> **TASK INSTRUCTIONS**: Wherever a line of the data contains "objects", copy that line.

> **GIVEN RECORDS**:
▼
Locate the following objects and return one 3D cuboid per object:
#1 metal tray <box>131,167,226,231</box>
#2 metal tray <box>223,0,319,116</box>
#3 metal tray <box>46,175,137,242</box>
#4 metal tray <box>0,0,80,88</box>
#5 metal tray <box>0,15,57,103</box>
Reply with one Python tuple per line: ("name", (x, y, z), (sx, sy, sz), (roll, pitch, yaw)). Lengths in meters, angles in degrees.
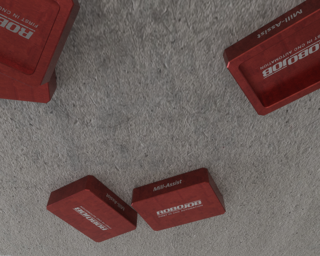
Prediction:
("metal tray", (0.031, 0.120, 0.506), (0.130, 0.030, 0.090), (-20, 128, 16))
("metal tray", (0.148, -0.078, 0.338), (0.130, 0.030, 0.090), (-29, 125, 22))
("metal tray", (-0.111, 0.140, 0.522), (0.090, 0.030, 0.130), (-26, 126, 20))
("metal tray", (-0.152, -0.105, 0.280), (0.131, 0.030, 0.090), (25, 103, -11))
("metal tray", (-0.186, -0.077, 0.336), (0.131, 0.030, 0.089), (6, 130, -5))
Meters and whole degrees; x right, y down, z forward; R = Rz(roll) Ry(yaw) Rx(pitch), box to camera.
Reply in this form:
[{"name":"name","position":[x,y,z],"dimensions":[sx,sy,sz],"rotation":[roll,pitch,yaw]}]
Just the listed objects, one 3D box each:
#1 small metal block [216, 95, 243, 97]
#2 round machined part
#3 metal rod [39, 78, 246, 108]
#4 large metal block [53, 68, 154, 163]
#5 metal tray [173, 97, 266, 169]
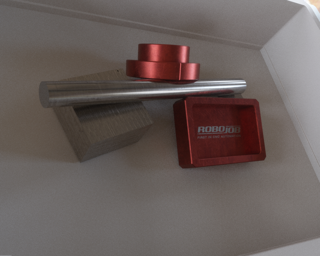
[{"name":"small metal block","position":[0.101,-0.048,0.489],"dimensions":[0.050,0.025,0.050],"rotation":[-12,68,-34]},{"name":"round machined part","position":[0.005,-0.089,0.413],"dimensions":[0.099,0.098,0.042],"rotation":[-5,105,-31]},{"name":"metal rod","position":[0.008,-0.048,0.381],"dimensions":[0.302,0.025,0.025],"rotation":[-8,66,-40]},{"name":"large metal block","position":[-0.068,-0.017,0.361],"dimensions":[0.081,0.050,0.080],"rotation":[-20,72,-36]},{"name":"metal tray","position":[0.085,0.005,0.427],"dimensions":[0.131,0.030,0.089],"rotation":[-1,82,-30]}]
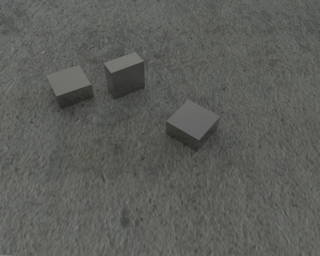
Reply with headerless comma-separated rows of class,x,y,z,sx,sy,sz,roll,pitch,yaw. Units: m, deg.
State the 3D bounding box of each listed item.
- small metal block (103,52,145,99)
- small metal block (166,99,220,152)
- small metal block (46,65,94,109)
small metal block,-0.051,-0.076,0.450,0.050,0.050,0.025,-25,55,-20
small metal block,0.043,-0.004,0.407,0.050,0.025,0.050,31,56,23
small metal block,-0.131,-0.061,0.453,0.050,0.025,0.050,-23,54,-19
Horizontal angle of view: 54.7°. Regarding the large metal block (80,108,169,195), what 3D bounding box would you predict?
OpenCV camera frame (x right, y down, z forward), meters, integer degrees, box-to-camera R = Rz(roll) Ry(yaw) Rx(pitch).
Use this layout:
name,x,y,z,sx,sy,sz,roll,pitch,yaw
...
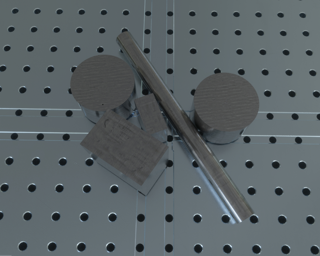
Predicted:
name,x,y,z,sx,sy,sz,roll,pitch,yaw
large metal block,-0.037,0.032,0.366,0.080,0.080,0.050,32,74,11

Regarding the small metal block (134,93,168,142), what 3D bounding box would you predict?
name,x,y,z,sx,sy,sz,roll,pitch,yaw
small metal block,-0.011,-0.009,0.397,0.025,0.050,0.050,-20,72,-7

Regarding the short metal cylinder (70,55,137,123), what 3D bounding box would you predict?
name,x,y,z,sx,sy,sz,roll,pitch,yaw
short metal cylinder,-0.072,-0.050,0.412,0.081,0.050,0.080,0,70,0

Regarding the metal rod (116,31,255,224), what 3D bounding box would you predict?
name,x,y,z,sx,sy,sz,roll,pitch,yaw
metal rod,0.024,-0.013,0.412,0.025,0.025,0.299,-30,73,-10

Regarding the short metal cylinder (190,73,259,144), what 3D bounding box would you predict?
name,x,y,z,sx,sy,sz,roll,pitch,yaw
short metal cylinder,0.082,-0.025,0.404,0.081,0.050,0.080,0,70,0
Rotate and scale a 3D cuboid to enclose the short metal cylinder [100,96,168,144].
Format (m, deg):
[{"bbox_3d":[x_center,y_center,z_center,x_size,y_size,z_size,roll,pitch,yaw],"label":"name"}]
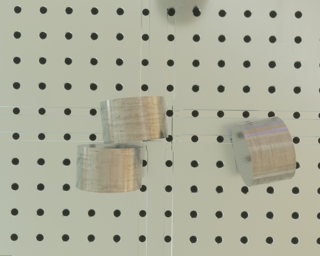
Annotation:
[{"bbox_3d":[-0.032,-0.010,0.385,0.080,0.080,0.050,-5,90,0],"label":"short metal cylinder"}]

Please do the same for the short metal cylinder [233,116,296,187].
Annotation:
[{"bbox_3d":[0.127,0.029,0.387,0.050,0.080,0.080,-11,90,0],"label":"short metal cylinder"}]

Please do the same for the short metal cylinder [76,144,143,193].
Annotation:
[{"bbox_3d":[-0.062,0.047,0.385,0.081,0.080,0.050,2,90,0],"label":"short metal cylinder"}]

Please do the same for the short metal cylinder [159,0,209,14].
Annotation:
[{"bbox_3d":[0.033,-0.197,0.401,0.081,0.050,0.079,0,90,0],"label":"short metal cylinder"}]
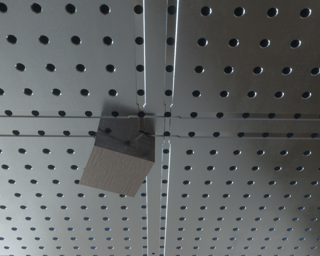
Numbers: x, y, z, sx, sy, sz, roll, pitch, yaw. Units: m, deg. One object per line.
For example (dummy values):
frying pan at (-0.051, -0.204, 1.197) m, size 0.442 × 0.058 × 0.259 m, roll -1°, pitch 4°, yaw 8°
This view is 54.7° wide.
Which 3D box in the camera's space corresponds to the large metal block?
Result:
large metal block at (-0.059, 0.045, 0.433) m, size 0.081 × 0.050 × 0.079 m, roll 17°, pitch 128°, yaw -15°
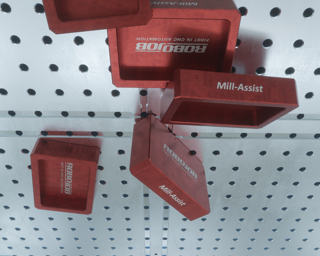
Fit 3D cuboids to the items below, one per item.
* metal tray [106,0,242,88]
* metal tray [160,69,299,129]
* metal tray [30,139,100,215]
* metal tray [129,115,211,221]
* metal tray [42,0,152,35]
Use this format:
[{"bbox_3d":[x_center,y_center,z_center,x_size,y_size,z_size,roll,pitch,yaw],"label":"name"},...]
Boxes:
[{"bbox_3d":[0.013,-0.088,0.333,0.131,0.030,0.089,1,130,-1],"label":"metal tray"},{"bbox_3d":[0.072,-0.028,0.348,0.131,0.030,0.090,3,164,-9],"label":"metal tray"},{"bbox_3d":[-0.144,0.079,0.474,0.091,0.030,0.129,9,130,-8],"label":"metal tray"},{"bbox_3d":[0.016,0.054,0.414,0.030,0.090,0.130,-31,124,23],"label":"metal tray"},{"bbox_3d":[-0.058,-0.150,0.257,0.090,0.030,0.129,-5,114,4],"label":"metal tray"}]
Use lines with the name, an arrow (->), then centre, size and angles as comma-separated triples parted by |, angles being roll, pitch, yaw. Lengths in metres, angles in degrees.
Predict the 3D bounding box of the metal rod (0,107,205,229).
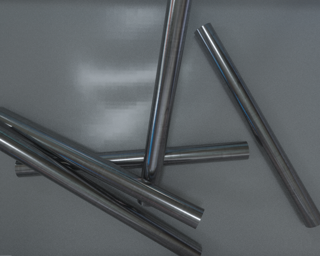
metal rod -> -0.088, 0.043, 0.383 | 0.301, 0.025, 0.025 | 25, 90, 10

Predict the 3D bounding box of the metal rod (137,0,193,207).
metal rod -> 0.006, -0.041, 0.350 | 0.025, 0.025, 0.298 | 9, 112, -1

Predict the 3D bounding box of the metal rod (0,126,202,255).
metal rod -> -0.076, 0.088, 0.392 | 0.301, 0.025, 0.025 | 33, 90, -8

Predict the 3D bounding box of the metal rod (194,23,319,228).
metal rod -> 0.131, -0.003, 0.413 | 0.025, 0.025, 0.299 | -30, 90, 0

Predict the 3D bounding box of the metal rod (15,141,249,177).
metal rod -> -0.035, 0.041, 0.411 | 0.302, 0.025, 0.025 | -4, 90, -1
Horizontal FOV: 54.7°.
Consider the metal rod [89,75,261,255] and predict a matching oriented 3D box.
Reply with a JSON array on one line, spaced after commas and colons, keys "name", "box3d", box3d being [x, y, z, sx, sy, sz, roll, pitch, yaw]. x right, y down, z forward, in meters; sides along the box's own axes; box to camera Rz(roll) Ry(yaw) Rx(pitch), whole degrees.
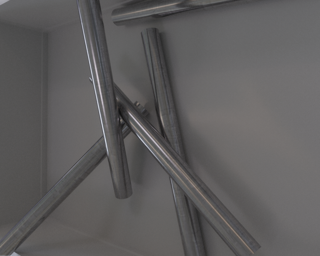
[{"name": "metal rod", "box3d": [0.001, 0.026, 0.372, 0.300, 0.025, 0.025, 48, 118, 27]}]

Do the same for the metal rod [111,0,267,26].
[{"name": "metal rod", "box3d": [0.053, -0.150, 0.363, 0.300, 0.025, 0.025, 6, 94, 39]}]

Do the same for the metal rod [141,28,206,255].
[{"name": "metal rod", "box3d": [0.015, 0.015, 0.394, 0.025, 0.025, 0.299, -19, 78, 38]}]

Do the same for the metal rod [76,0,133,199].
[{"name": "metal rod", "box3d": [-0.067, -0.044, 0.379, 0.025, 0.025, 0.298, 13, 120, 39]}]

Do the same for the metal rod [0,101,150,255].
[{"name": "metal rod", "box3d": [-0.128, 0.078, 0.432, 0.300, 0.025, 0.025, -46, 60, 1]}]
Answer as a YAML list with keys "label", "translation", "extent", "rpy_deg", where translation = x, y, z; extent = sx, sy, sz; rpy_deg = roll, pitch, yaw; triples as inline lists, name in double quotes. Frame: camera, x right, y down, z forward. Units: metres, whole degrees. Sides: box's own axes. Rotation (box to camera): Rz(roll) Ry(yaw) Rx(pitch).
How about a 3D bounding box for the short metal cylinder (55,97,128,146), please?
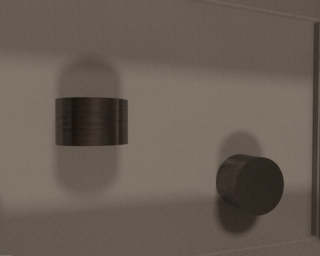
- label: "short metal cylinder"
  translation: [-0.077, -0.007, 0.353]
  extent: [0.081, 0.080, 0.050]
  rpy_deg: [0, 90, -20]

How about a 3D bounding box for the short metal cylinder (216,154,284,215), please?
- label: "short metal cylinder"
  translation: [0.129, 0.080, 0.447]
  extent: [0.081, 0.050, 0.079]
  rpy_deg: [0, 90, -21]
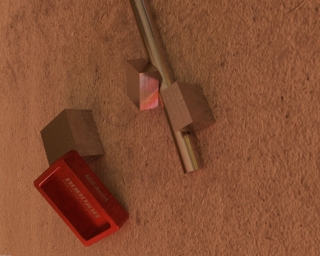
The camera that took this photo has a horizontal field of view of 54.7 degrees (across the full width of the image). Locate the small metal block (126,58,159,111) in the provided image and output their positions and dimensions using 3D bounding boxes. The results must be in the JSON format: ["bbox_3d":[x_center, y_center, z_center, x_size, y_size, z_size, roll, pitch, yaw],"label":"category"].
[{"bbox_3d":[-0.024,-0.058,0.401,0.050,0.025,0.050,-131,36,-51],"label":"small metal block"}]

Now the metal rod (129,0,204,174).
[{"bbox_3d":[-0.003,-0.087,0.405,0.025,0.025,0.299,-27,73,36],"label":"metal rod"}]

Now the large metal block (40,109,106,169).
[{"bbox_3d":[-0.143,0.024,0.504,0.080,0.050,0.080,-33,70,34],"label":"large metal block"}]

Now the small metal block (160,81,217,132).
[{"bbox_3d":[0.034,-0.024,0.359,0.025,0.050,0.050,-32,71,35],"label":"small metal block"}]

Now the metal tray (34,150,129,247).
[{"bbox_3d":[-0.119,0.107,0.462,0.090,0.030,0.130,-38,92,34],"label":"metal tray"}]
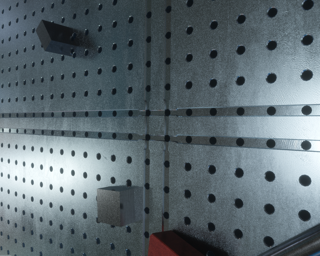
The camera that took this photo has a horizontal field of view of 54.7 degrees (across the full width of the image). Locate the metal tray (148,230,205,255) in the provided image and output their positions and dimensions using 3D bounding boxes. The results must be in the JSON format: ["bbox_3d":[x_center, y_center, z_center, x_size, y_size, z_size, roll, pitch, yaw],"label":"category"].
[{"bbox_3d":[0.016,0.204,0.373,0.090,0.030,0.129,14,100,58],"label":"metal tray"}]

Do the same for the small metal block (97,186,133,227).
[{"bbox_3d":[-0.068,0.116,0.463,0.050,0.025,0.050,-3,88,39],"label":"small metal block"}]

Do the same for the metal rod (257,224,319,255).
[{"bbox_3d":[0.117,0.134,0.311,0.299,0.025,0.025,-45,64,30],"label":"metal rod"}]

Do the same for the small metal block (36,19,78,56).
[{"bbox_3d":[-0.179,-0.156,0.538,0.025,0.050,0.050,-44,64,31],"label":"small metal block"}]
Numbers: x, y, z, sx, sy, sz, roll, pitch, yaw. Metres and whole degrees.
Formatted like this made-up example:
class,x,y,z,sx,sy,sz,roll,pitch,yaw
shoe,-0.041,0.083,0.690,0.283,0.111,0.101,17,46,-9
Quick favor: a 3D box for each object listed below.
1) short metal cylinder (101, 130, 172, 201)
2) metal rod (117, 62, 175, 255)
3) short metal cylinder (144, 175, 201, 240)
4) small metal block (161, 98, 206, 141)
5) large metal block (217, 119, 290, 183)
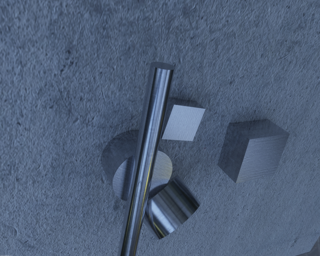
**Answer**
class,x,y,z,sx,sy,sz,roll,pitch,yaw
short metal cylinder,-0.031,0.049,0.406,0.081,0.050,0.079,-14,124,-21
metal rod,-0.024,0.069,0.372,0.025,0.025,0.298,-3,120,-27
short metal cylinder,0.010,0.111,0.440,0.080,0.050,0.080,-39,174,-4
small metal block,0.026,-0.011,0.416,0.050,0.025,0.050,5,116,-31
large metal block,0.148,0.035,0.496,0.081,0.050,0.079,-6,121,-26
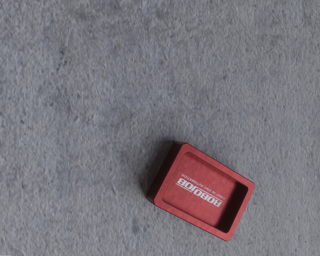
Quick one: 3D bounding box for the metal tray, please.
[{"bbox_3d":[0.058,0.087,0.427,0.130,0.030,0.090,31,80,-17],"label":"metal tray"}]
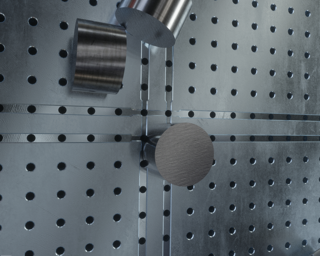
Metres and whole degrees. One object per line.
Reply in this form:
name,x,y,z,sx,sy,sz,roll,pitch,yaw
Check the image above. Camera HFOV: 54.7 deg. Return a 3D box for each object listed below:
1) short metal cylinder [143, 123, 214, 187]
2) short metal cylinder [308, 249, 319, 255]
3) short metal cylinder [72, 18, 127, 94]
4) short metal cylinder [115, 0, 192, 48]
short metal cylinder,0.023,0.033,0.408,0.081,0.050,0.079,0,90,-20
short metal cylinder,0.262,0.233,0.480,0.050,0.080,0.080,-20,97,-19
short metal cylinder,-0.073,-0.081,0.356,0.050,0.080,0.080,4,89,-20
short metal cylinder,-0.007,-0.143,0.380,0.080,0.080,0.050,28,81,-18
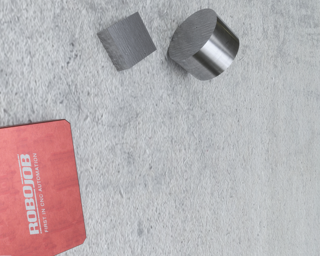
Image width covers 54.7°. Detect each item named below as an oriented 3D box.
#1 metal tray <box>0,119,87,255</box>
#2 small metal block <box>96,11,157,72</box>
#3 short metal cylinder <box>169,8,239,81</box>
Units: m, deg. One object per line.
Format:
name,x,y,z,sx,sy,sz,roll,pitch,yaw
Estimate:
metal tray,-0.126,0.061,0.296,0.091,0.030,0.129,-11,97,-39
small metal block,-0.039,-0.103,0.372,0.050,0.025,0.050,-43,116,-31
short metal cylinder,0.058,-0.111,0.417,0.050,0.080,0.080,32,71,-36
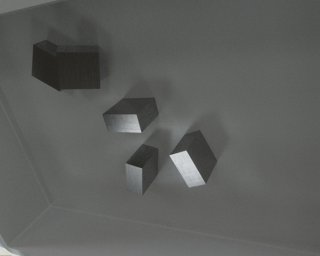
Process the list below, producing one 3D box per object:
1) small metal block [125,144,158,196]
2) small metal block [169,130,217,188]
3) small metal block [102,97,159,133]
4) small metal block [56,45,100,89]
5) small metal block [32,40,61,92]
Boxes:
[{"bbox_3d":[-0.025,0.059,0.442,0.025,0.050,0.050,15,125,20],"label":"small metal block"},{"bbox_3d":[0.044,0.038,0.393,0.025,0.050,0.050,-20,108,36],"label":"small metal block"},{"bbox_3d":[-0.037,-0.018,0.401,0.050,0.050,0.025,1,119,27],"label":"small metal block"},{"bbox_3d":[-0.104,-0.078,0.400,0.050,0.025,0.050,-2,124,-9],"label":"small metal block"},{"bbox_3d":[-0.150,-0.087,0.434,0.050,0.025,0.050,29,128,9],"label":"small metal block"}]
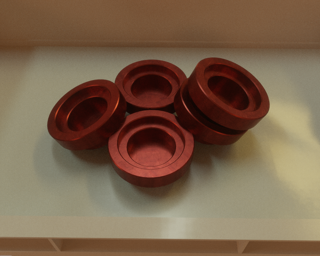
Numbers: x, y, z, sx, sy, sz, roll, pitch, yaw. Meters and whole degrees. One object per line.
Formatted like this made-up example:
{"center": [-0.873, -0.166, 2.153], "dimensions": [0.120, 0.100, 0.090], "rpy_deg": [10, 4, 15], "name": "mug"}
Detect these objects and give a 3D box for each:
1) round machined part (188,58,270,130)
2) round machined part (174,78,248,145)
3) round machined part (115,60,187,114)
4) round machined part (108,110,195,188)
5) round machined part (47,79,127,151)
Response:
{"center": [0.077, -0.036, 0.372], "dimensions": [0.099, 0.042, 0.098], "rpy_deg": [15, 48, -17], "name": "round machined part"}
{"center": [0.062, -0.018, 0.393], "dimensions": [0.099, 0.042, 0.098], "rpy_deg": [15, 47, -17], "name": "round machined part"}
{"center": [-0.012, -0.048, 0.432], "dimensions": [0.099, 0.042, 0.098], "rpy_deg": [0, 50, 0], "name": "round machined part"}
{"center": [-0.010, 0.028, 0.367], "dimensions": [0.099, 0.042, 0.098], "rpy_deg": [0, 50, 0], "name": "round machined part"}
{"center": [-0.086, -0.012, 0.388], "dimensions": [0.098, 0.042, 0.098], "rpy_deg": [-13, 48, 16], "name": "round machined part"}
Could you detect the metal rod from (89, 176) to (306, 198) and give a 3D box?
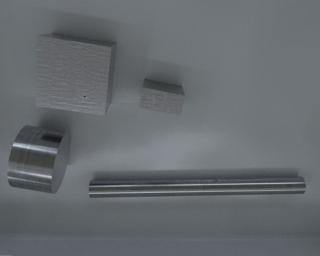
[{"bbox_3d":[0.052,0.084,0.443,0.302,0.025,0.025,-1,110,0],"label":"metal rod"}]

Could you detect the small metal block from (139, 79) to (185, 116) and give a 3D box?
[{"bbox_3d":[0.002,-0.039,0.384,0.050,0.050,0.025,11,110,-5],"label":"small metal block"}]

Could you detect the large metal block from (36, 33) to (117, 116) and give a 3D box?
[{"bbox_3d":[-0.099,-0.066,0.372,0.081,0.050,0.079,8,110,-4],"label":"large metal block"}]

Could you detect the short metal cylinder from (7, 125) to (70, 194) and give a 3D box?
[{"bbox_3d":[-0.151,0.040,0.395,0.050,0.080,0.079,11,110,-4],"label":"short metal cylinder"}]
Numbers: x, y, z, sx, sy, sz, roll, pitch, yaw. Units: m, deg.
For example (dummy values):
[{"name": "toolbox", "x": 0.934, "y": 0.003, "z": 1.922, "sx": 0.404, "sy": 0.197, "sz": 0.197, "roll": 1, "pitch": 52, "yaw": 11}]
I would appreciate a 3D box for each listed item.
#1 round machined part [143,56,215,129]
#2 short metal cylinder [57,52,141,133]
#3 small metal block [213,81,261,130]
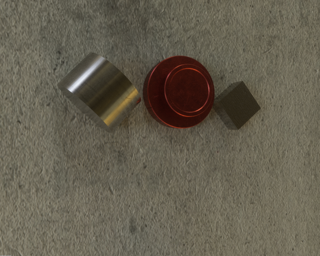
▲
> **TASK SOLUTION**:
Locate the following objects and return one 3D cuboid per object:
Just the listed objects, one 3D box each:
Detect these objects and give a 3D box for each:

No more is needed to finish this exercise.